Of course, this small story will not convince the true believers, led by the hierarchy of my own Catholic Church, that their position is not authoritative. Today’s Minneapolis Star Tribune had an excellent column about the abuse of the term “natural law” when talking about things authoritatively.

Personally, I have long been engaged in family history study, and back in the 1990s a genealogist in Montreal sent me a copy of the marriage contract for my first Bernard ancestors in Quebec, in the year 1730.

Of course, at that time, if you came to Quebec you were Catholic, and thus, if you entered into a civil marriage contract — which was apparently required by the state prior to the church nuptials — you were also  required to be married in the Roman Catholic Church. The Civil Contract was necessary for Civil needs; the religious banns were separate and subsequent.

In the case of my ancestors, the Church matrimony came two weeks after their Civil Contract.

I have long been intrigued by this civil contract, and rather than interpreting it, here is the contract in its entirety (the first page is a sample of the handwriting of the notary – just scroll to the translation which begins on page two): Quebec Marriage Cont001

At the very least, it is an interesting commentary of the relationship between Church and State in a place where there was only one sanctioned Church, and thus a single sanctioned belief.

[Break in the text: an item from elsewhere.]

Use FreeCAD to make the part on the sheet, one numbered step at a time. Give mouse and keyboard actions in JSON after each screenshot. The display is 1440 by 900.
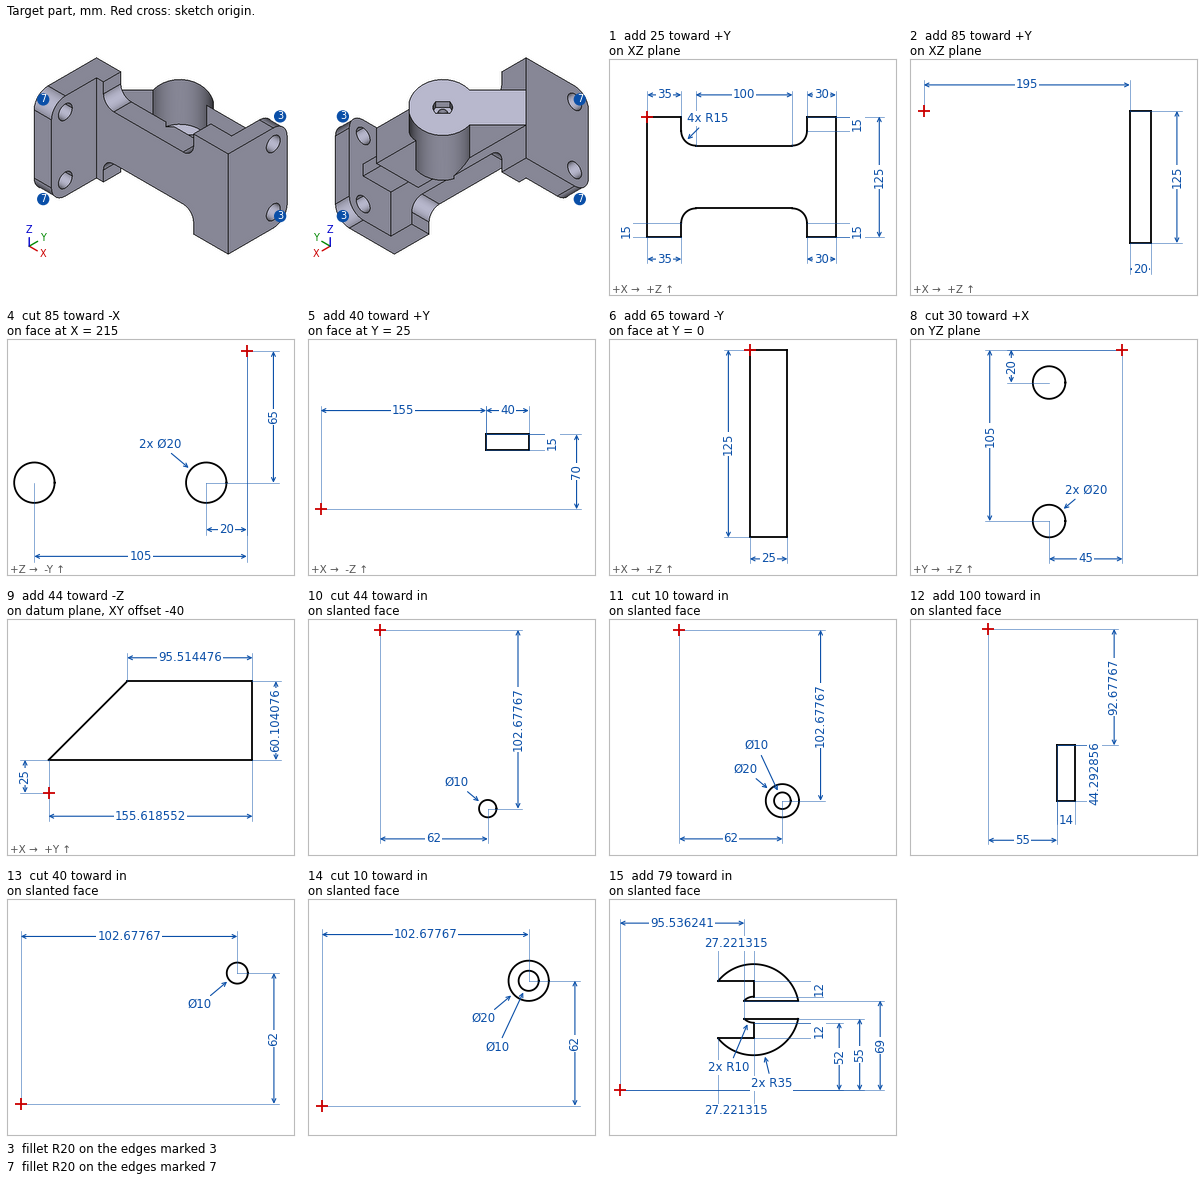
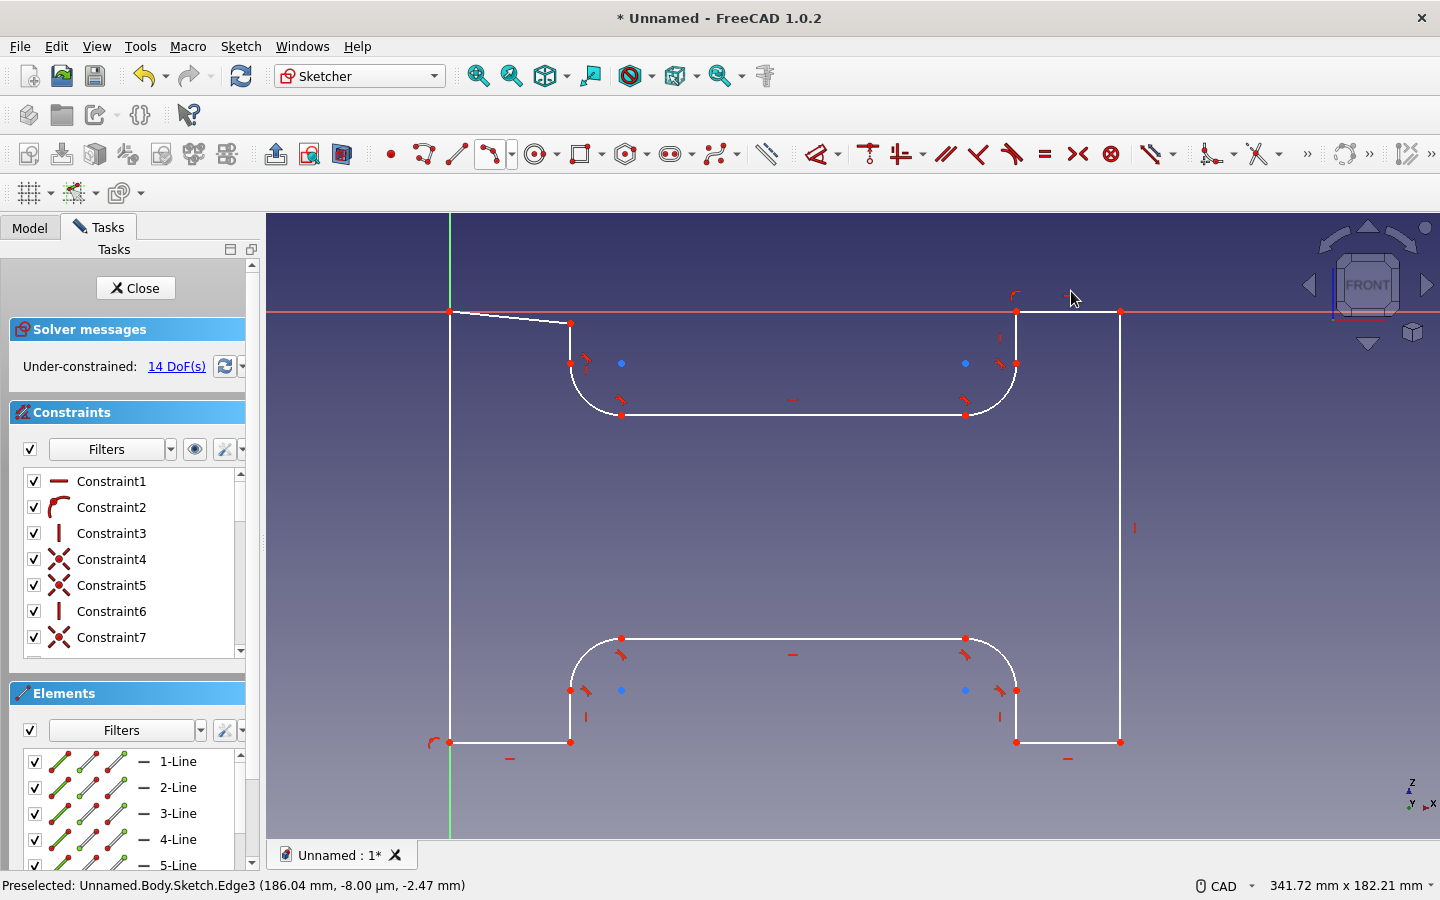
{"action": "scroll", "coordinate": [534, 320], "scroll_direction": "up", "scroll_amount": 3}

Of course, 2012 Minnesota is not 1730 Quebec (nor is 2012 Quebec anything like its predecessor 282 years ago.)

I urge a no vote on this and the other amendment on Tuesday.

I’ve expressed my opinion to my Church leadership, that regardless of how the vote goes on Tuesday, the Catholic Church has been irrevocably damaged by the actions of its mean-spirited authoritarian leaders.

I won’t drop out, but this issue has certainly changed my feeling about this Church of mine.